SOAP Supports Stateful Operations

Most recent web services follow the stateless standard, meaning that clients don’t care about the state of operations between different calls to the server. However, situations that involve multiple chained operations still require stateful operations to make the whole transaction act as one. Some cases require replicating transactions and even performing a roll-back if needed:

  • Bank transfers: these operations usually require communication between multiple banks or branches, involving many calls to various Web services. This process is made easier with a coordinator to keep track of their status. The banking industry typically groups all these operations into transactions.
  • Booking a flight: again, different entities and web services need to be called in order to check availability and pricing information. When the final information comes back to the user it might already be outdated, so a transaction with a specific lifetime is needed.

Thankfully, SOAP supports stateful operations. This means that a group of operations can easily be controlled by performing a set of predefined rules. State is transferred between operations so that each party involved always knows how to perform without making additional calls. SOAP implements this with the help of Web Services Extension Specification, or in short, WS. There are many available WS extensions that let you define different aspects related to how messages are transferred:

  • WS-Addressing: a standard way of adding message routing information to SOAP headers. Being able to define message routing dynamically is important because communication quality might change while the web service is running.
  • WS-ReliableMessaging: ensures that SOAP messages are always delivered, even when there’s a failure on network communication or on a software component. Among other things, this extension lets you say that messages need to arrive at a certain order, which is important in a chain of events.
  • WS-Coordination: lets you define a workflow that needs to be executed by all the parties involved in the Web service calls.
  • WS-Policy: allows a Web service to advertise their working policies which include Quality of Service, expected response times and security.
  • WS-Security: specifies how integrity and confidentiality are enforced on messages. In particular it lets you use different types of message encryption like X.509 certificates, user and password credentials, and SAML assertions.

There are many more WS extensions addressing different needs. Developers can even create their own if needed. This customization is one of the reasons why SOAP becomes attractive when the right conditions are in place.

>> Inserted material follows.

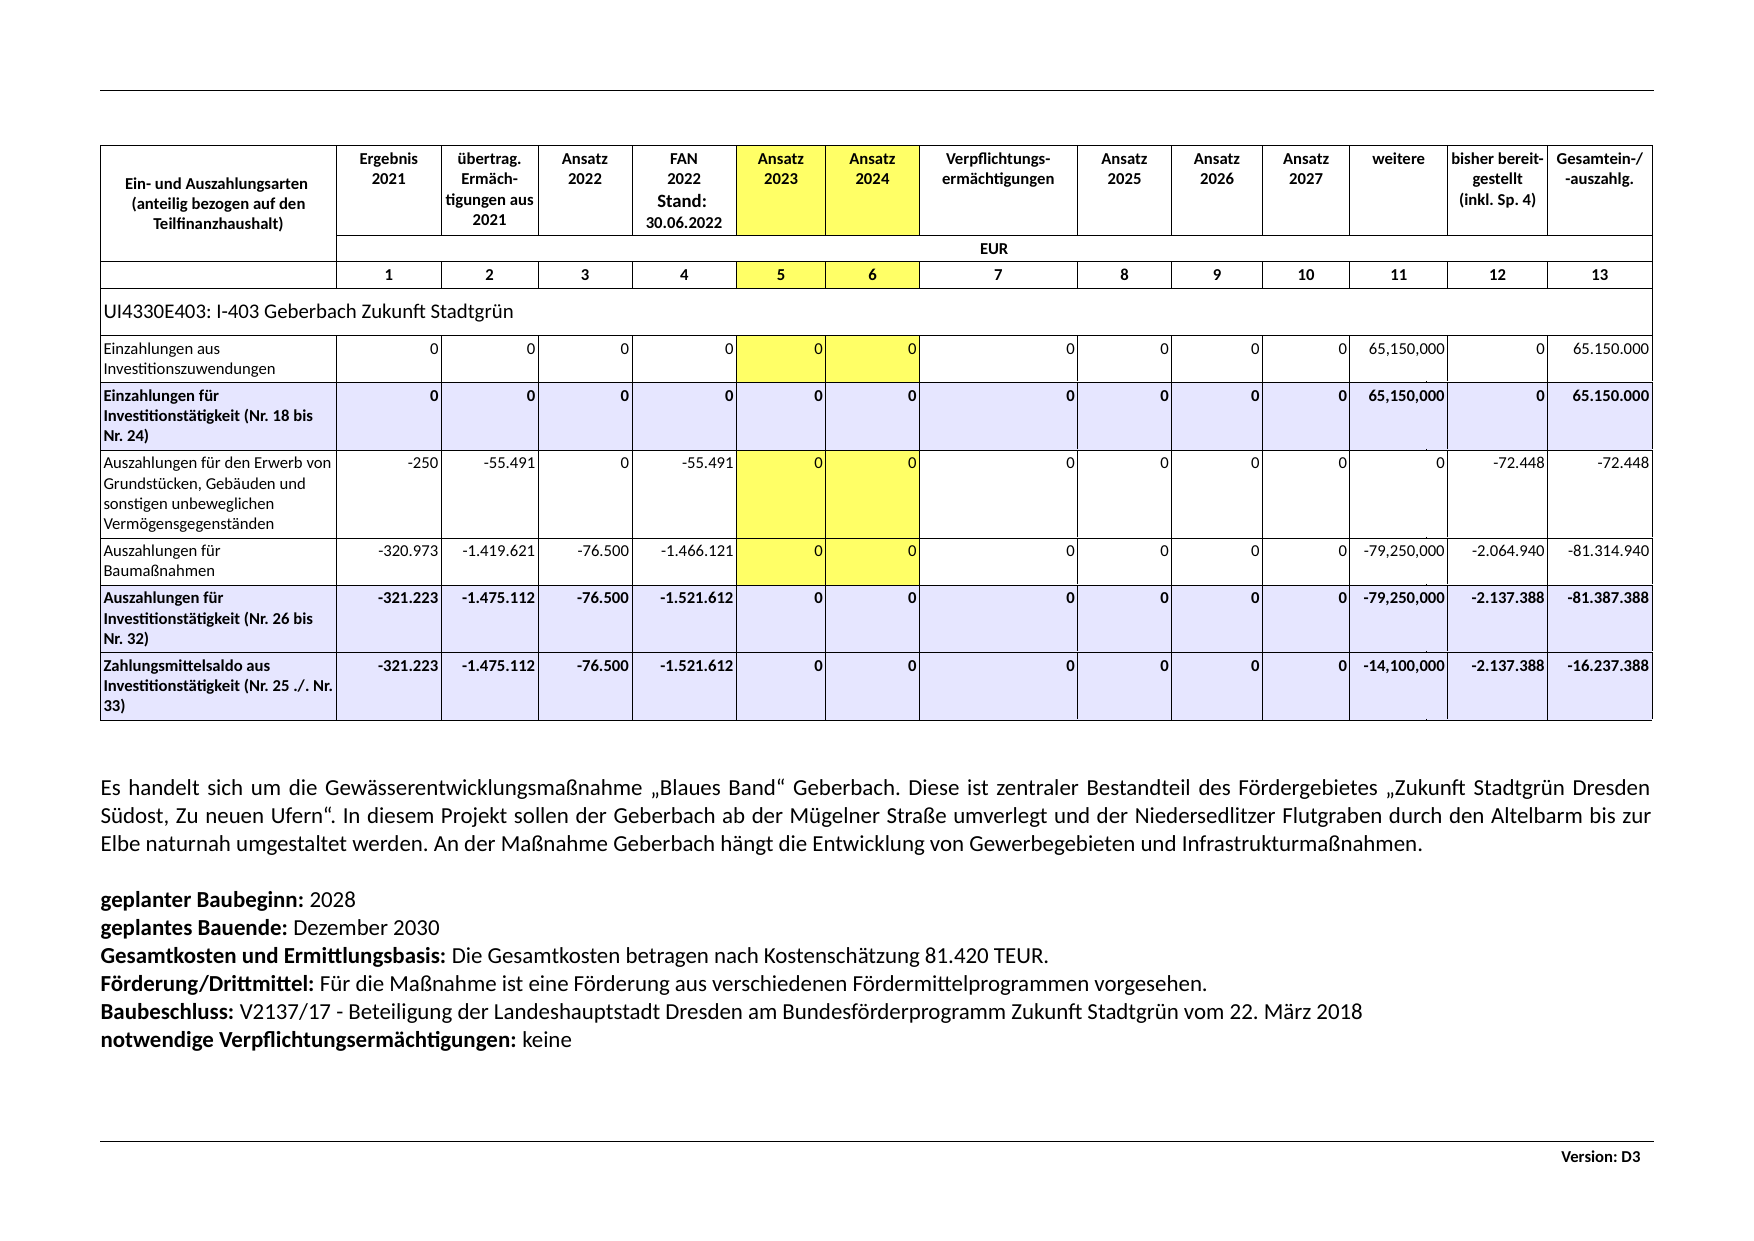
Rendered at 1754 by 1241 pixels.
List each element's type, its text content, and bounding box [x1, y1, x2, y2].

Despite all the rumors SOAP is still alive and kicking. This doesn’t mean that you should use it in all situations. By carefully analyzing the problem you’re trying to solve you’ll be able to understand if SOAP is the right match for your API. SOAP is particularly useful in situations involving formal, machine readable, contracts where you need to make sure all the parties are behaving exactly as designed. Asynchronous and stateful operations are two other scenarios where SOAP excels. Because SOAP isn’t tied to a particular communication protocol it’s easy to make it work asynchronously. Creating a stateful Web service shouldn’t be too hard because SOAP can easily be extended and operation state can be maintained between calls.